The task: Please give back each entry below unaltered, leaving the pictures out.
== Provided data
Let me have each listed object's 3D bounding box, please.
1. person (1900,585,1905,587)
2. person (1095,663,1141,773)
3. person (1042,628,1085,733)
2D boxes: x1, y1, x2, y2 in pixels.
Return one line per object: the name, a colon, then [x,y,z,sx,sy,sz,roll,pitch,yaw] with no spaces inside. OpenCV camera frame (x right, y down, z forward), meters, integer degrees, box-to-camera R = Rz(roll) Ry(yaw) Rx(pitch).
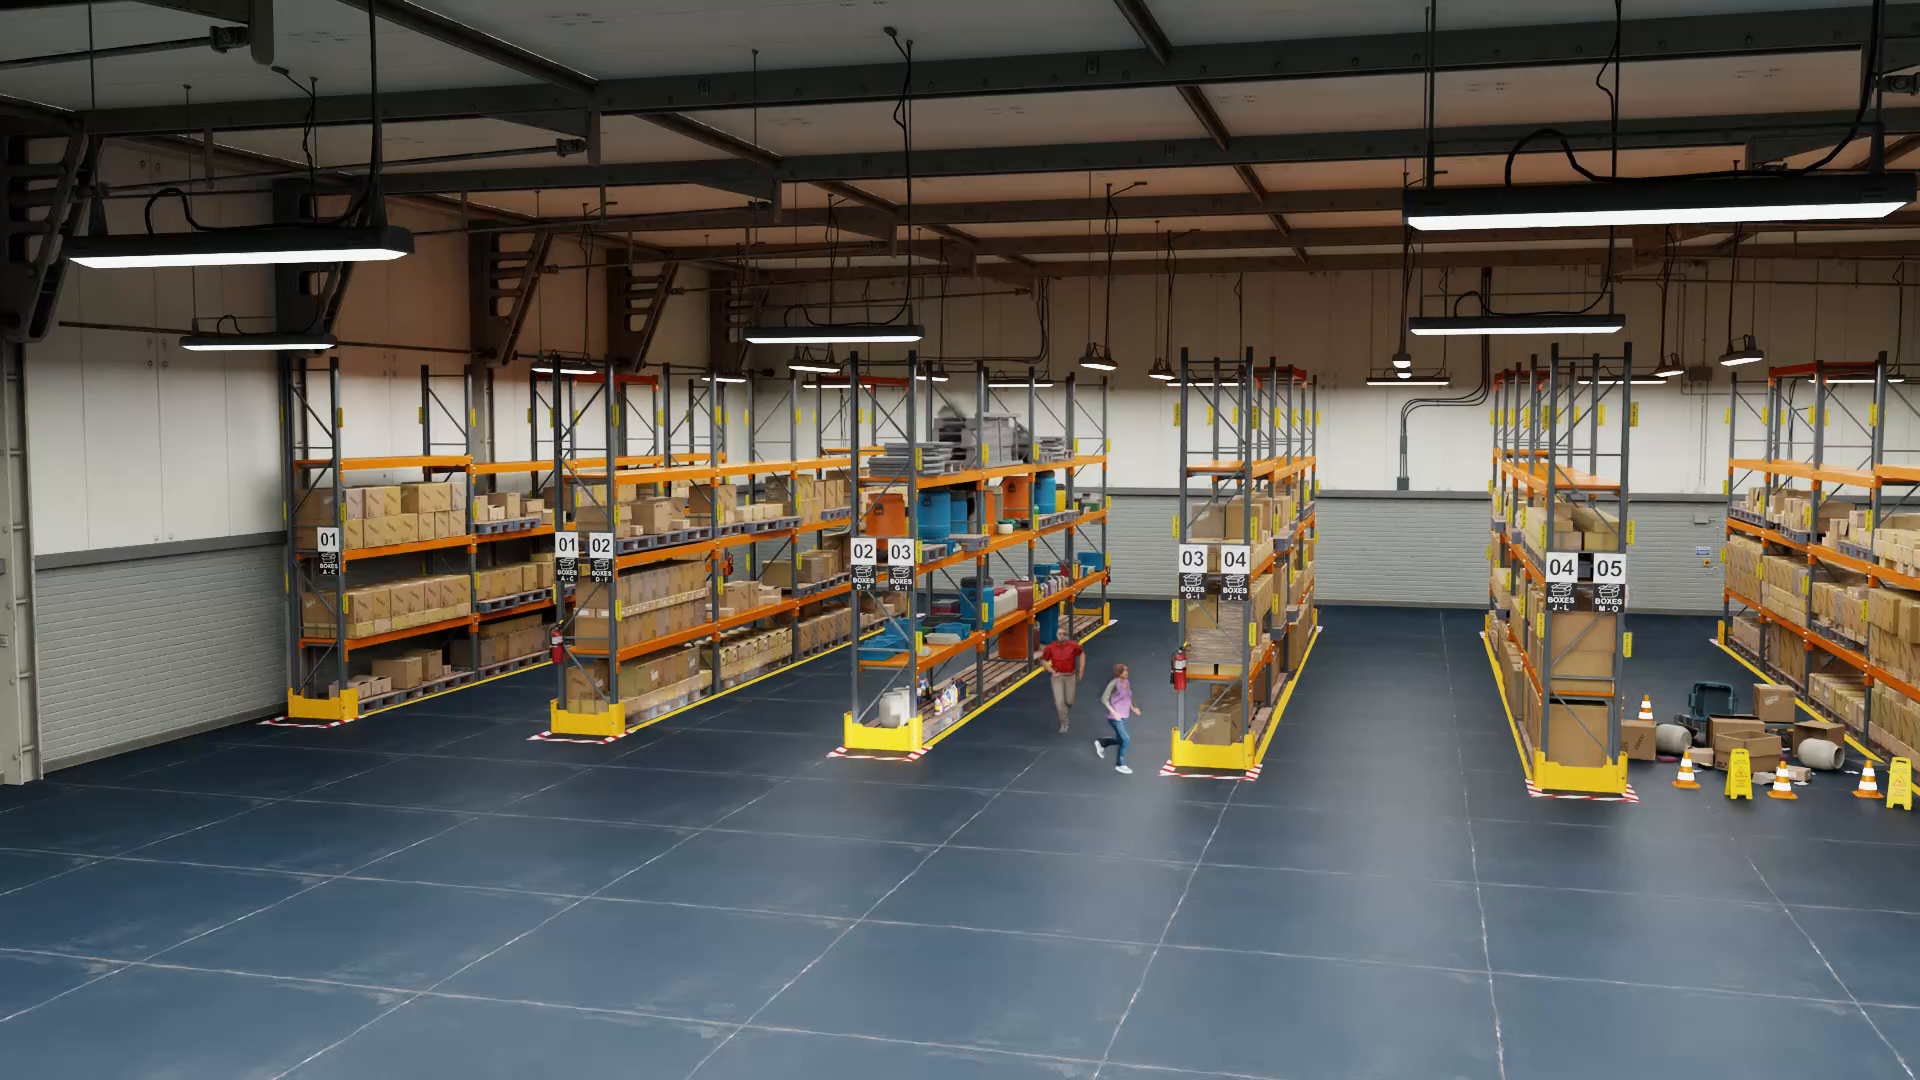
person: [18.906,1.694,33.443,0.598,1.669,0.933,-1,4,-8]
person: [2.168,2.506,23.589,0.679,1.562,0.526,3,5,38]
person: [1.657,2.231,26.669,0.698,1.690,0.693,0,4,0]
====
Task response:
Let me have each listed object's 3D bounding box, please.
1. person (1900,585,1905,587)
2. person (1095,663,1141,773)
3. person (1042,628,1085,733)
2D boxes: x1, y1, x2, y2 in pixels.
Return one line per object: the name, a colon, then [x,y,z,sx,sy,sz,roll,pitch,yaw] with no spaces inside. OpenCV camera frame (x right, y down, z forward), meters, integer degrees, box-to-camera R = Rz(roll) Ry(yaw) Rx(pitch).
person: [18.906,1.694,33.443,0.598,1.669,0.933,-1,4,-8]
person: [2.168,2.506,23.589,0.679,1.562,0.526,3,5,38]
person: [1.657,2.231,26.669,0.698,1.690,0.693,0,4,0]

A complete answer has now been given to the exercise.